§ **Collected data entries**
━━━━━━━━━━━━━━━━━━━━

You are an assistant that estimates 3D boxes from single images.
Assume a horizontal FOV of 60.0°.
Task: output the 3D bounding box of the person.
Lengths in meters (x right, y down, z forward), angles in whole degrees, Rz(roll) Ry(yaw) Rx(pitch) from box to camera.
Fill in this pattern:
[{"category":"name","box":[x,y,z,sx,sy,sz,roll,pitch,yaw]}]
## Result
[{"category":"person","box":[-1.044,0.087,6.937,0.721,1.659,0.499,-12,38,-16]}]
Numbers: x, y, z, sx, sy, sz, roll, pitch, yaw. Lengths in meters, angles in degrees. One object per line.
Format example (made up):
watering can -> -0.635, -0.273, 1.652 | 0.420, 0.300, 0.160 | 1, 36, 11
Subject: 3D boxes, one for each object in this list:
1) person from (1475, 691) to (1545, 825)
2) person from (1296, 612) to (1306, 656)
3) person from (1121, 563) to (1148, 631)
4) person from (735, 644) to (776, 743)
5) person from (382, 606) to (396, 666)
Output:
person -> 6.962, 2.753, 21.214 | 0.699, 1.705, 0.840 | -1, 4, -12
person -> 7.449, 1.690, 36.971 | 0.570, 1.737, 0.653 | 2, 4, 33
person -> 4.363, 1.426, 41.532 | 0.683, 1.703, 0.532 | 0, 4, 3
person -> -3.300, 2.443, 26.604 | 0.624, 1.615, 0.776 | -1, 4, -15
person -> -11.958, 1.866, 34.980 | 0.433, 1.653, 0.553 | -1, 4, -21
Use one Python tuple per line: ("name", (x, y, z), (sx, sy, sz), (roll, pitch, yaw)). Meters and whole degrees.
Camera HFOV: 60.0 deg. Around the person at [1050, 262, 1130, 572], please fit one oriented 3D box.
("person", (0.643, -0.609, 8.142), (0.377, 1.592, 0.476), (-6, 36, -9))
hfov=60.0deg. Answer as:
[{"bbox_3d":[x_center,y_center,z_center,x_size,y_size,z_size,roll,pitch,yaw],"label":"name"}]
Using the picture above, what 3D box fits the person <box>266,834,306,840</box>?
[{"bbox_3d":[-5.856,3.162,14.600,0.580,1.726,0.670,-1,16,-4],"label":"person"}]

━━━━━━━━━━━━━━━━━━━━

§ **WHAT THE EXERCISE ASKS**
An exact copy of the lines above between the line holding "Lengths in meters (x" and the line holding "1) person from (1475, 691) to (1545, 825)", inclusive, is the whole answer.

§ **TASK RESULT**
Lengths in meters (x right, y down, z forward), angles in whole degrees, Rz(roll) Ry(yaw) Rx(pitch) from box to camera.
Fill in this pattern:
[{"category":"name","box":[x,y,z,sx,sy,sz,roll,pitch,yaw]}]
## Result
[{"category":"person","box":[-1.044,0.087,6.937,0.721,1.659,0.499,-12,38,-16]}]
Numbers: x, y, z, sx, sy, sz, roll, pitch, yaw. Lengths in meters, angles in degrees. One object per line.
Format example (made up):
watering can -> -0.635, -0.273, 1.652 | 0.420, 0.300, 0.160 | 1, 36, 11
Subject: 3D boxes, one for each object in this list:
1) person from (1475, 691) to (1545, 825)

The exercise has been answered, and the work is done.